On the other hand, if Google (either now or in the future, crucially) alters
the behavior to be smart about pre-caching images, then e-mail marketing is
screwed. It will likely make sense at Google to do this, since it will improve
the user experience to have the images be pre-fetched to the proxy server
before they open an e-mail.

In other words, e-mail marketing vis a vis gmail is now in a Schrodenger's
cat-like situation. We can't know if Google is now fully, partially, never
will, or will in the future pre-cache images, so for all intents and purposes
e-mail marketing data is both highly accurate and completely worthless at the
same time :)

------
possibilistic
AdSense. This is all about pushing dollars to AdSense.

First they started filtering marketing messages into separate tabs, which I'm
assuming dramatically cut readership. Now they're going to make it impossible
to "bug" emails for read receipts. The only metric left is the "click".

Email marketing just became a whole lot less valuable.

------
YourSexyMama
So there is something I'm not seeing this being discussed anywhere. What about
the idea of only storing one image for any and all recipients? Yes I know that
the file name is changed based on recipient to try and track the users viewing
of the image. But a simple md5sum of the file will indicate that it is
potentially the same file as others being cached. Google would only need to
store the references and the one file.
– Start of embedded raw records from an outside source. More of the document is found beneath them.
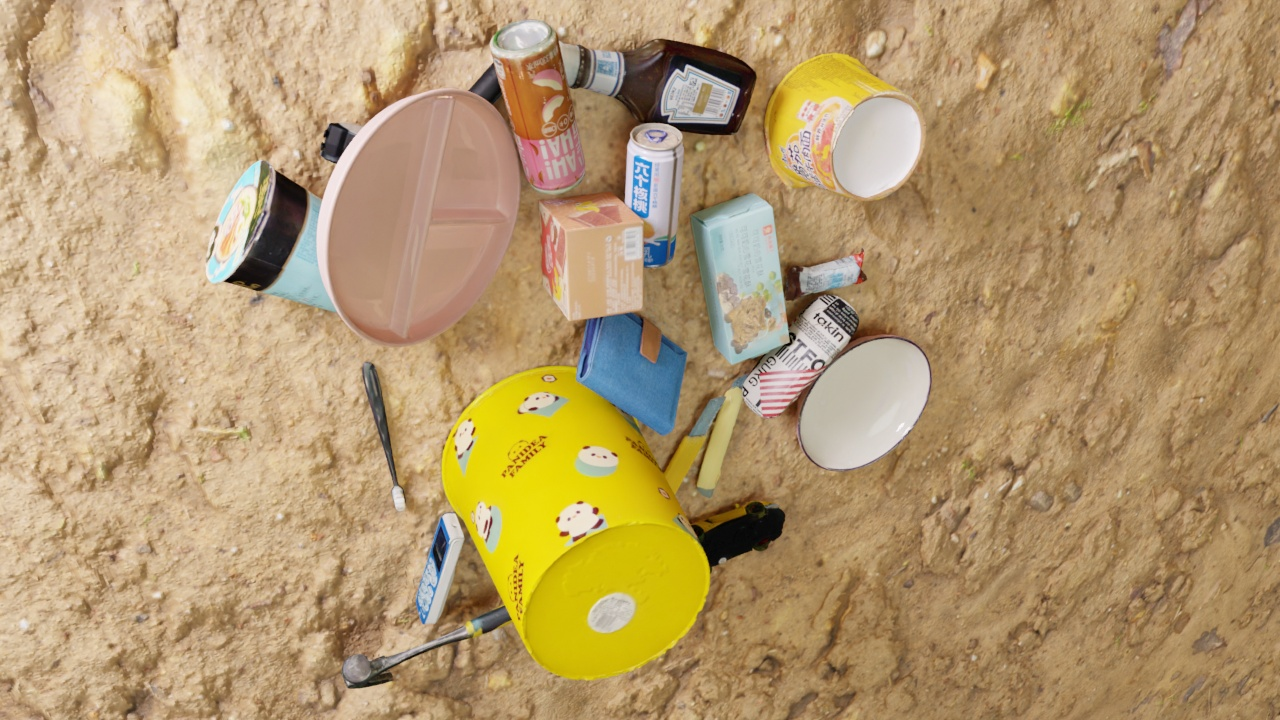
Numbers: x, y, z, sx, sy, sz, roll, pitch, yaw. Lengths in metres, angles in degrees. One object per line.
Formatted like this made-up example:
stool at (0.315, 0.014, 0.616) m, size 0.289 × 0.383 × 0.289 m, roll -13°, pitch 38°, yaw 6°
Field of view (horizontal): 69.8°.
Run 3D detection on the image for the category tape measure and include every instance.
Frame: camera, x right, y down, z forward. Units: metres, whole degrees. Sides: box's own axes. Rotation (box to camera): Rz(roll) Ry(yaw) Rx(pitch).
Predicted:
tape measure at (-0.231, -0.179, 0.785) m, size 0.066 × 0.066 × 0.034 m, roll 22°, pitch 105°, yaw -3°

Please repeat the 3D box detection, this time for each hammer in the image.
hammer at (-0.184, 0.306, 1.068) m, size 0.322 × 0.032 × 0.126 m, roll -18°, pitch 162°, yaw -23°

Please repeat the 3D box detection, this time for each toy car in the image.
toy car at (0.111, 0.223, 1.165) m, size 0.155 × 0.041 × 0.071 m, roll -19°, pitch 123°, yaw -11°

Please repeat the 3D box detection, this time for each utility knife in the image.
utility knife at (0.099, 0.093, 1.105) m, size 0.031 × 0.018 × 0.168 m, roll 5°, pitch 116°, yaw -30°
utility knife at (0.048, 0.126, 1.100) m, size 0.033 × 0.015 × 0.209 m, roll 17°, pitch 112°, yaw -29°

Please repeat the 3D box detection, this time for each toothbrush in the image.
toothbrush at (-0.263, 0.081, 0.945) m, size 0.015 × 0.018 × 0.181 m, roll -12°, pitch 119°, yaw -14°
toothbrush at (-0.160, -0.215, 0.821) m, size 0.026 × 0.027 × 0.213 m, roll 45°, pitch 97°, yaw 10°

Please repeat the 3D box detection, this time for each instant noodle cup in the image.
instant noodle cup at (-0.290, -0.096, 0.790) m, size 0.120 × 0.111 × 0.111 m, roll 25°, pitch 105°, yaw -41°
instant noodle cup at (0.210, -0.227, 0.920) m, size 0.138 × 0.109 × 0.138 m, roll -11°, pitch 122°, yaw -18°

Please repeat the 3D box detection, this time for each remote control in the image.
remote control at (-0.224, 0.234, 1.025) m, size 0.024 × 0.049 × 0.125 m, roll 8°, pitch 114°, yaw -29°

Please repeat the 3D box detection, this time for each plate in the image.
plate at (0.270, 0.048, 1.136) m, size 0.192 × 0.039 × 0.193 m, roll -12°, pitch 123°, yaw -19°
plate at (-0.187, -0.121, 0.792) m, size 0.228 × 0.028 × 0.230 m, roll -44°, pitch 149°, yaw -37°

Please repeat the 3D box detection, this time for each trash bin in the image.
trash bin at (-0.063, 0.163, 0.930) m, size 0.229 × 0.255 × 0.230 m, roll -11°, pitch 120°, yaw -19°

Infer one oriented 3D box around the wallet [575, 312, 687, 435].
wallet at (-0.006, 0.006, 0.971) m, size 0.040 × 0.106 × 0.133 m, roll -17°, pitch 140°, yaw 41°

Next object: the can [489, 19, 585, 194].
can at (-0.088, -0.220, 0.807) m, size 0.058 × 0.058 × 0.147 m, roll -23°, pitch 140°, yaw -10°

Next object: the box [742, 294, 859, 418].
box at (0.187, -0.003, 1.066) m, size 0.163 × 0.076 × 0.088 m, roll -52°, pitch 156°, yaw 9°

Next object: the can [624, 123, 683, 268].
can at (0.012, -0.158, 0.890) m, size 0.053 × 0.053 × 0.135 m, roll -12°, pitch 134°, yaw -17°

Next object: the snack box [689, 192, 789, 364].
snack box at (0.109, -0.086, 0.989) m, size 0.074 × 0.051 × 0.175 m, roll -21°, pitch 123°, yaw -11°

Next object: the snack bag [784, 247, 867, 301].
snack bag at (0.213, -0.096, 1.044) m, size 0.105 × 0.026 × 0.045 m, roll -14°, pitch 131°, yaw -14°

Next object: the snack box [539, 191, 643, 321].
snack box at (-0.048, -0.102, 0.888) m, size 0.077 × 0.094 × 0.093 m, roll -10°, pitch 120°, yaw -18°

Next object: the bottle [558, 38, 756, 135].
bottle at (0.010, -0.261, 0.857) m, size 0.194 × 0.044 × 0.080 m, roll 4°, pitch 125°, yaw -23°

Thus, the first person to view the file
(per maximum cached time-frame) would indicate a viewing of the file, but
subsequent users would never be identified as having viewed the file.

I recognize that there are a couple potential downfalls to this thought. 1)
The time/processing it takes to determine the md5 could be problematic on such
a large scale. 2) I have no idea how easy it is to change an image to be
unique for each user.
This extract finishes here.